刚刚翻出了袋子里的木薯团,就着水大口吞咽,陈九也不知道菲德尔会是什么样的态度,万一要向卫兵举报,他们还要喋血逃亡。
七十人的性命压在他的肩头,不容得他不患得患失。
从昨夜那场惨烈的暴乱开始,他觉得自己,似乎有哪里变得不一样了。
平生第一次,他亲眼目睹那么多曾经熟悉的面孔,如同田埂上被镰刀割倒的麦子一般,如同渔网中那些徒劳挣扎、濒临死亡的鱼儿一般,在他眼前痛苦地扭曲、然后永远地沉寂下去,甚至,死无全尸。

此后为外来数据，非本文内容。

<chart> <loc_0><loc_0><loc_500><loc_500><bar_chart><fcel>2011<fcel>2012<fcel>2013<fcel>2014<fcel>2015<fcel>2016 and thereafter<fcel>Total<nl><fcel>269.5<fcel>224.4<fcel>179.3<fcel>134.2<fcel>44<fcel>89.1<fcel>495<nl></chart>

平日里那些习以为常的侮辱与虐待,此刻如同走马灯一般,一遍又一遍地在他脑海中滑过。
他突然开始痛恨自己过去的懦弱与麻木。
为什么在咸水寨的时候,他总是将希望寄托在那些差役老爷们偶尔发作的善心之上?为什么总是躲在阿爸阿妈的身后,让他们为自己遮风挡雨?

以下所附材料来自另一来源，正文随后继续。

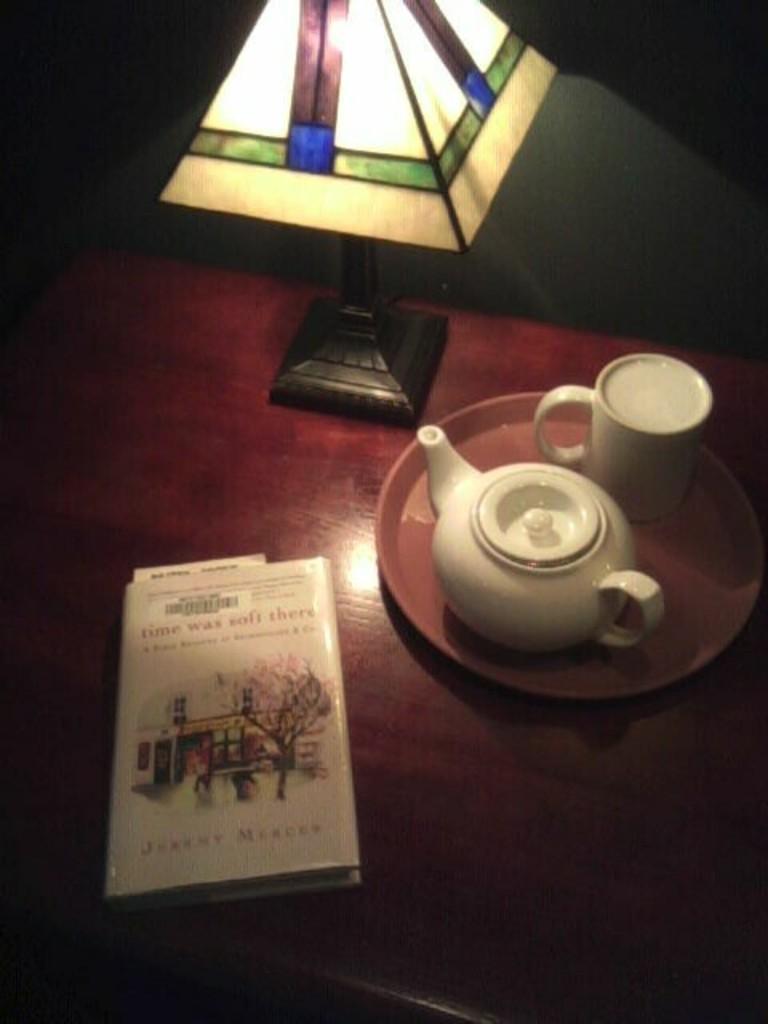How would you summarize this image in a sentence or two? In the image there is a cup, jar, plate, book and a lamp which are placed on the table. in the background there is a wall. 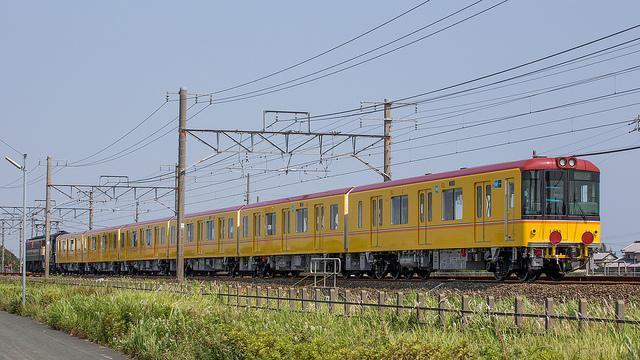How many of the dogs are black?
Give a very brief answer. 0.

即便是阿爸死后,阿妈那矮小瘦弱的身躯,也从未让他受过半分真正的委屈。
他痛恨自己手刃差役太晚。
或许,在那一夜,自己就该不顾一切,强拉着阿妈,驾着那条破旧的小渔船,逃向茫茫无际的大海。
可是,这天下之大,又能逃往何处呢?
在家乡,他只是一个身份卑微、任人欺凌的渔民;来到这异国他乡,他又被人用铁链拴着,像狗一样劳作,朝不保夕,贱如草芥。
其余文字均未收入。